The following types of questions may produce incomplete or unreliable answers:
-
Global summarization
- Questions requiring understanding of the entire document
-
Multi-hop reasoning
- Questions that depend on connecting information across many sections
-
Abstract or interpretive questions
- Questions that require inference beyond what is explicitly written
-
Timeline-wide or narrative arc questions
- Questions spanning large portions of long documents
These limitations are expected in a basic RAG system without hierarchical retrieval or long-context reasoning.
To assess whether the system is working correctly:
- Ask a factual or locally scoped question
- Inspect the retrieved chunks displayed in the UI
- Confirm that the answer is derived from the retrieved text
Answers that cannot be traced back to retrieved content should be treated cautiously.
This system intentionally:
- Uses fixed-size chunking
- Retrieves a limited number of chunks per query
- Avoids document-wide reasoning for transparency
These tradeoffs keep the system simple, debuggable, and aligned with RAG best practices.
- It shows you understand RAG limitations
- It sets correct expectations
- It avoids dataset-specific assumptions
- It demonstrates engineering maturity
- The system can only answer questions explicitly present in the document
- Narrative or global questions (e.g. โWhat happens at the end?โ) may fail on very large PDFs
- No chapter-level or section metadata is used
- The model does not reason beyond retrieved chunks
- Chunk size and overlap are fixed and may not be optimal for all documents
These limitations are expected for a basic RAG pipeline and are documented intentionally.

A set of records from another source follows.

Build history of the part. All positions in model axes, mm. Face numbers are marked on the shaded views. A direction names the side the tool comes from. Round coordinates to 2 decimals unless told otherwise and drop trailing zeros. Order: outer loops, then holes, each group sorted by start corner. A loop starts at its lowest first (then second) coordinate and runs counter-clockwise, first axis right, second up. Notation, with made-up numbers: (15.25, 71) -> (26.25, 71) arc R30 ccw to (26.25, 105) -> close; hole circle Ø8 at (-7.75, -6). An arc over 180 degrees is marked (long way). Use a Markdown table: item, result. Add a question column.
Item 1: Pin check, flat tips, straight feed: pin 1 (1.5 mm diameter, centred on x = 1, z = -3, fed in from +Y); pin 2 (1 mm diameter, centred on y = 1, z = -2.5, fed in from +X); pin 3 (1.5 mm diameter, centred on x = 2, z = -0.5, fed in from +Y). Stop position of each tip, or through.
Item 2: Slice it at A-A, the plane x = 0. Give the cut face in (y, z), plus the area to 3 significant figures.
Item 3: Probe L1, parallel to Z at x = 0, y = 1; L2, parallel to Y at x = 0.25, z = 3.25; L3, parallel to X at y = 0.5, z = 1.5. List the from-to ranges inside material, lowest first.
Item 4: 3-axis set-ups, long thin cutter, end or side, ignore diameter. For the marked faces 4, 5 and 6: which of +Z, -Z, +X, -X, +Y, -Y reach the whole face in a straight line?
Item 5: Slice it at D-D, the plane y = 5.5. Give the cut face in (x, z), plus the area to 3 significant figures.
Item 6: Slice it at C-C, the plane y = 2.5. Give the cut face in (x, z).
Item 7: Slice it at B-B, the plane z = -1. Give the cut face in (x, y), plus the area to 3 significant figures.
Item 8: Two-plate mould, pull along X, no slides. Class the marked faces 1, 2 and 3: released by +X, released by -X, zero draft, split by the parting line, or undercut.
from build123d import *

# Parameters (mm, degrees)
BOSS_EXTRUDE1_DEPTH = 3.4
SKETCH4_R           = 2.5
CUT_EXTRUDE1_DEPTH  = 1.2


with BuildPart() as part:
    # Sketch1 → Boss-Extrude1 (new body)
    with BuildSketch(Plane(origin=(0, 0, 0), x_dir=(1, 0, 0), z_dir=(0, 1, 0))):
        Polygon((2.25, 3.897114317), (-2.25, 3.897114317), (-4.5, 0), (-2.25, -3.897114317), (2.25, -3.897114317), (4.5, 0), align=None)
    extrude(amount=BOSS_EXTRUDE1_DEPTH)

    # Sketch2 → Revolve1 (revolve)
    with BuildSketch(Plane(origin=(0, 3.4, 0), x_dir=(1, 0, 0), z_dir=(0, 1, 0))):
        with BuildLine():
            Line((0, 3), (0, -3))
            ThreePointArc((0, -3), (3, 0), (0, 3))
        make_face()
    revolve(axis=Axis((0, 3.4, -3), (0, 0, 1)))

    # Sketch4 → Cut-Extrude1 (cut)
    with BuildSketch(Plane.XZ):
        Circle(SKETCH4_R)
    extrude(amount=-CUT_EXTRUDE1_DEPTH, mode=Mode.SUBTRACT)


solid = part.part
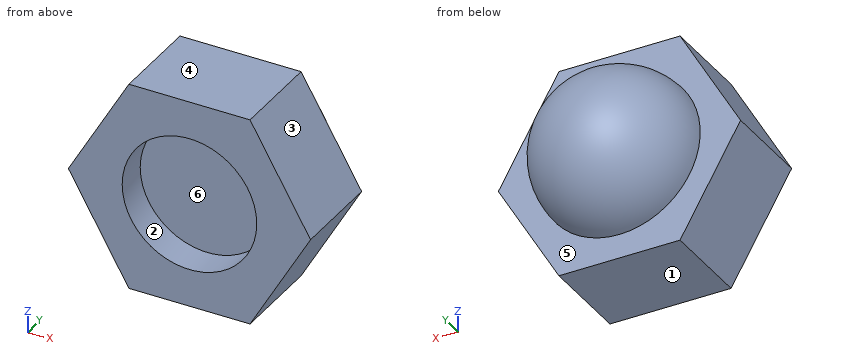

- Streamlit was chosen for fast prototyping and easy testing of retrieval behavior
- Core logic is separated from UI for clarity and maintainability
- A Mistral SDK wrapper isolates model-specific code
- Emphasis is on transparency and correctness rather than UI complexity
- Add page or chapter-level metadata
- Display citations with answers
- Support multiple documents
- Use hierarchical chunking for large PDFs
- Add evaluation metrics for retrieval quality
- Embeddings: Mistral-compatible embedding model
- Generation: Mistral small model (chosen for fast iteration and cost efficiency)
The project focuses on system design and reliability, not model size.
- Ask factual questions grounded in the text
- Inspect retrieved chunks shown in the UI
- Verify answers are derived from retrieved content
This project is intended as a technical demonstration of building AI-powered developer tools using Mistral models. It is not production-ready but follows industry best practices for prototyping and experimentation.